- Born: June 1, 1914 Vienna, Austria
- Died: August 27, 1999 (aged 85) Toronto, Ontario, Canada
- Other names: Franz Krämer
- Occupations: musician, composer
- Known for: TV and radio producer

= Franz Kraemer =

Canadian radio producer (1914–1999)

Franz Kraemer, (June 1, 1914 - August 27, 1999) was a Canadian radio producer, a "pioneer produced of opera at CBC Television". In the 1930 he studied music in Vienna, with Alban Berg, Anton von Webern and others. Leaving Austria like many other artists in the 1930s around the time of the Nazi takeover in 1938, Kraemer became a naturalized Canadian citizen in 1947, the first year that Canadian citizenship was made available (prior to that all Canadians were considered British subjects). Kraemer made a name for himself as a gifted music composer and producer; he has been called by Adrienne Clarkson, former Governor General of Canada and CBC journalist, as "the most prolific and talented music producer the CBC Television ever produced ... He was a mentor for many of us in television who did that kind of programming."
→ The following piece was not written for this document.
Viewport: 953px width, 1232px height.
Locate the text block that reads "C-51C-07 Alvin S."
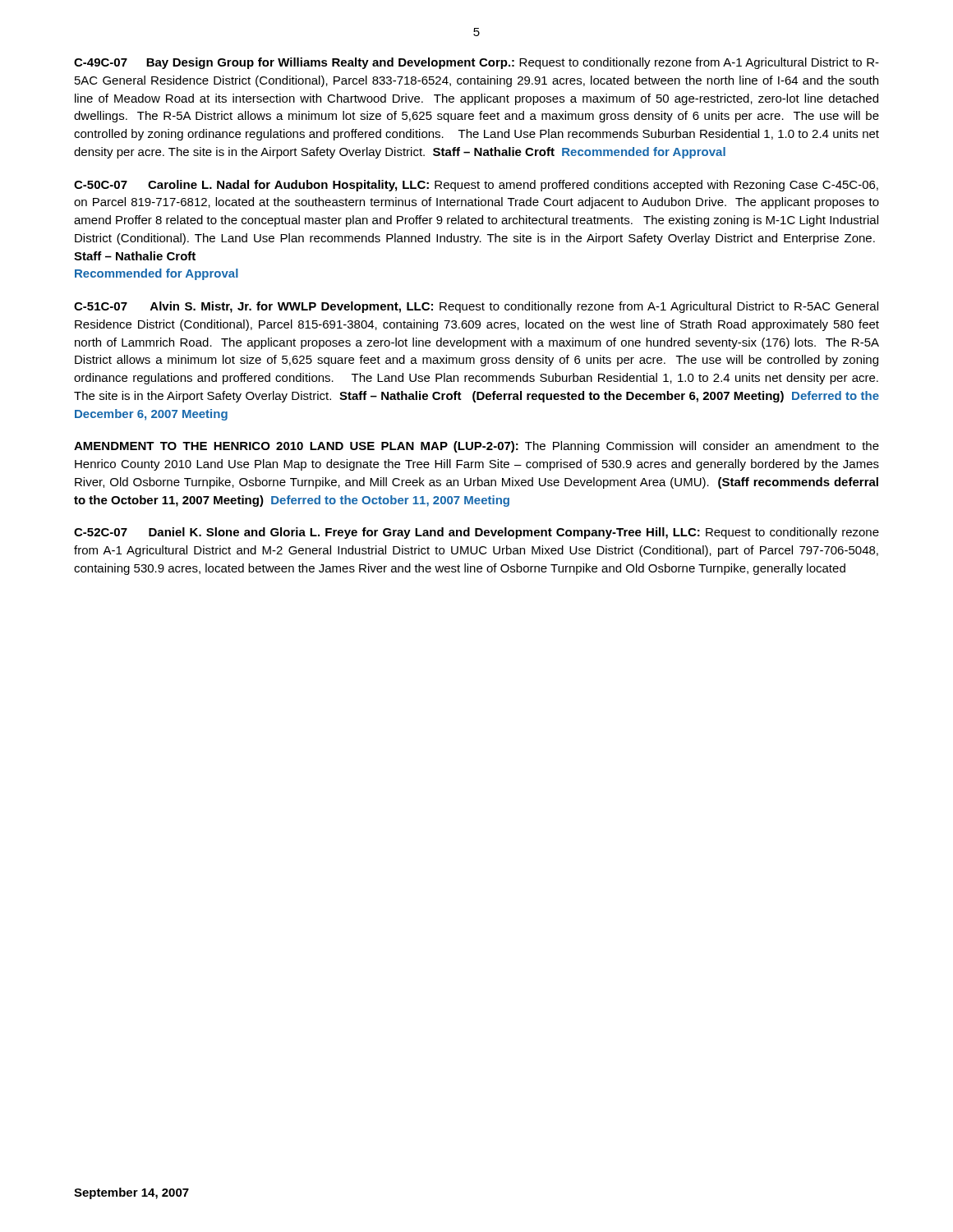(476, 360)
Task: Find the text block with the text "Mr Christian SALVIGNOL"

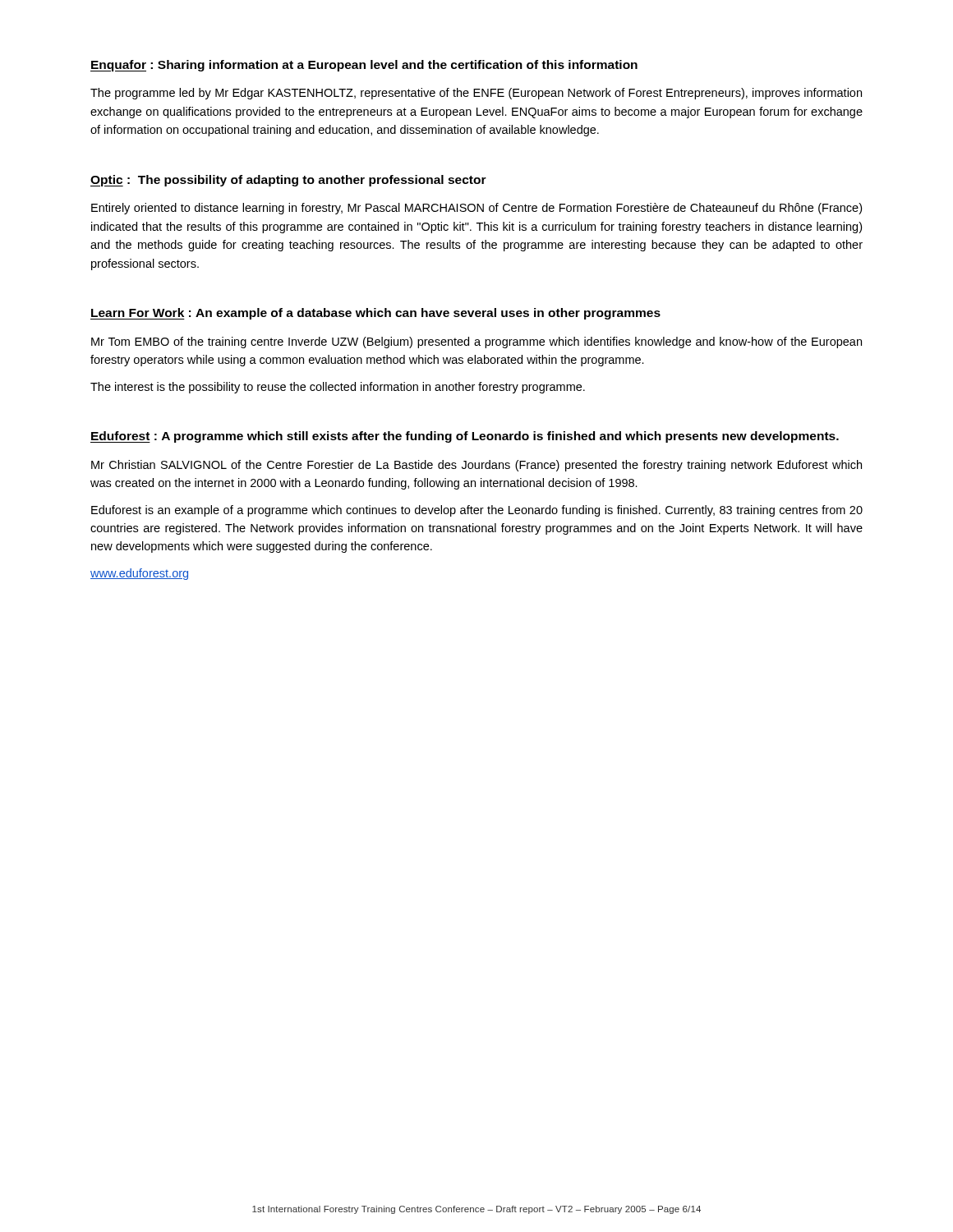Action: tap(476, 474)

Kraemer's career was cut short in Austria by fascism and a climate of hatred. Asked about it, we would simply say "Mr. Hitler ruined me." In Canada, he became a close colleague and friend of Glenn Gould. Eric Koch said "Franz knew everything" in music.
In 1971, he was appointed music director of the Toronto Arts Foundation.
In 1981, he was made a Member of the Order of Canada and was promoted to Officer in 1987.